Dataset:
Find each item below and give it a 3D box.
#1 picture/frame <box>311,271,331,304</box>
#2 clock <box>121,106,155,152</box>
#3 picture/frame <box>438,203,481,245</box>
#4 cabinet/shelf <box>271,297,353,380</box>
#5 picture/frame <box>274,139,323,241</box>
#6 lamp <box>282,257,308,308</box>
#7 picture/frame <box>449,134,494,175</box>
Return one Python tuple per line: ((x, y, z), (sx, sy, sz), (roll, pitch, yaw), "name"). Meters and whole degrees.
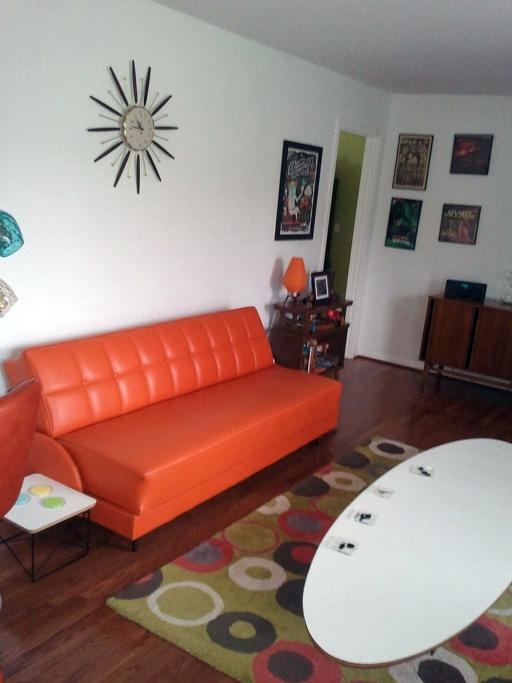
((0.549, -0.455, 4.331), (0.025, 0.232, 0.231), (3, 27, 34), "picture/frame")
((-0.610, -1.126, 2.695), (0.235, 0.228, 0.027), (18, 23, 38), "clock")
((1.876, -1.080, 4.646), (0.347, 0.364, 0.039), (19, 25, 31), "picture/frame")
((0.433, -0.035, 4.175), (0.328, 0.510, 0.609), (17, 24, 35), "cabinet/shelf")
((0.325, -1.244, 4.088), (0.043, 0.931, 0.823), (15, 12, 25), "picture/frame")
((0.310, -0.490, 4.145), (0.184, 0.385, 0.439), (5, 12, 2), "lamp")
((1.925, -1.667, 4.505), (0.333, 0.348, 0.036), (22, 24, 33), "picture/frame")
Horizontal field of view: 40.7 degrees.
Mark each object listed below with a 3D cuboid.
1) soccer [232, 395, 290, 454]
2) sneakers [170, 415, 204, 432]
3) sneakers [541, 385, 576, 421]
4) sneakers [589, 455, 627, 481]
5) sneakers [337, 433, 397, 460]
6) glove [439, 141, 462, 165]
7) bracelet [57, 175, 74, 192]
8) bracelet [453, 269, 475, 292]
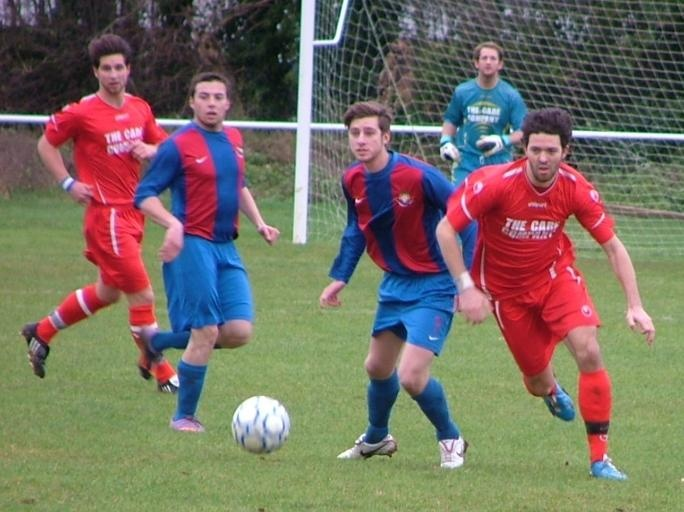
[{"bbox_3d":[-0.570,1.193,6.493,0.443,0.395,0.441,1,15,-17],"label":"soccer"},{"bbox_3d":[-1.133,1.227,6.780,0.188,0.073,0.112,-3,-3,36],"label":"sneakers"},{"bbox_3d":[1.650,1.121,7.040,0.140,0.400,0.169,-25,27,17],"label":"sneakers"},{"bbox_3d":[1.795,1.433,6.240,0.119,0.096,0.216,0,-2,-25],"label":"sneakers"},{"bbox_3d":[0.200,1.353,6.663,0.469,0.236,0.159,-4,-1,-11],"label":"sneakers"},{"bbox_3d":[1.177,-1.122,10.027,0.167,0.230,0.108,-45,-30,26],"label":"glove"},{"bbox_3d":[-2.296,-0.605,7.727,0.058,0.120,0.154,9,-2,-34],"label":"bracelet"},{"bbox_3d":[0.827,0.168,6.259,0.127,0.132,0.040,-11,-5,23],"label":"bracelet"}]
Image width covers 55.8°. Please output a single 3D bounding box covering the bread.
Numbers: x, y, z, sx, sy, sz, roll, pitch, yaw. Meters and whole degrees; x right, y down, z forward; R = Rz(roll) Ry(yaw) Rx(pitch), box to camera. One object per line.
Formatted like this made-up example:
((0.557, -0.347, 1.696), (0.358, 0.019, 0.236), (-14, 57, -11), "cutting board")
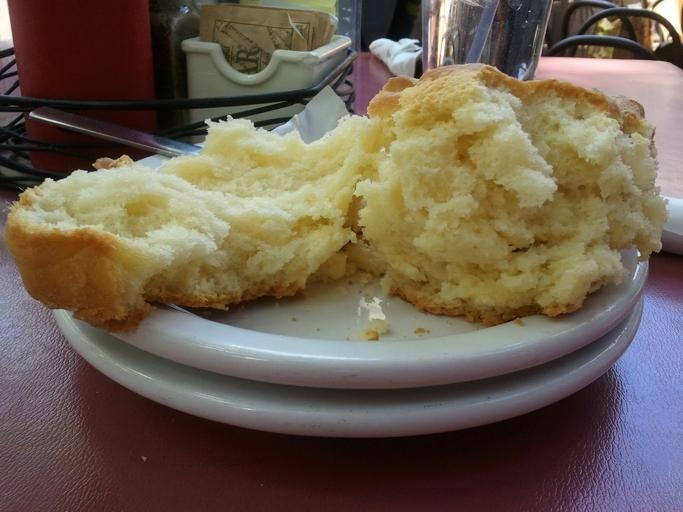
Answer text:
((0.002, -0.029, 0.598), (0.487, 0.143, 0.288), (-3, 26, -4), "bread")
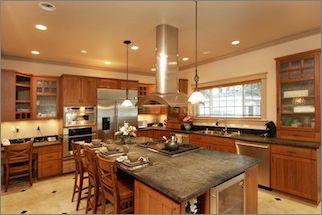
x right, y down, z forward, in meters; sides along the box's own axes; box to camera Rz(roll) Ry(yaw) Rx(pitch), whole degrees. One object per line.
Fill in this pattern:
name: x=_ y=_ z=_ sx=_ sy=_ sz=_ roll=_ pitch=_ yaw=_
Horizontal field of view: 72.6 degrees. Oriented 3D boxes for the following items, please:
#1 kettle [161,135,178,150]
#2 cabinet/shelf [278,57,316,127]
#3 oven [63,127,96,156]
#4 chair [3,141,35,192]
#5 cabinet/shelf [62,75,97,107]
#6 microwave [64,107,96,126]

Problem description: Transcribe, please, every line from the first line of the listing above through the line with "#7 picture/frame <box>449,134,494,175</box>". Keep both ends and nothing else.

Exercise result:
Find each item below and give it a 3D box.
#1 picture/frame <box>311,271,331,304</box>
#2 clock <box>121,106,155,152</box>
#3 picture/frame <box>438,203,481,245</box>
#4 cabinet/shelf <box>271,297,353,380</box>
#5 picture/frame <box>274,139,323,241</box>
#6 lamp <box>282,257,308,308</box>
#7 picture/frame <box>449,134,494,175</box>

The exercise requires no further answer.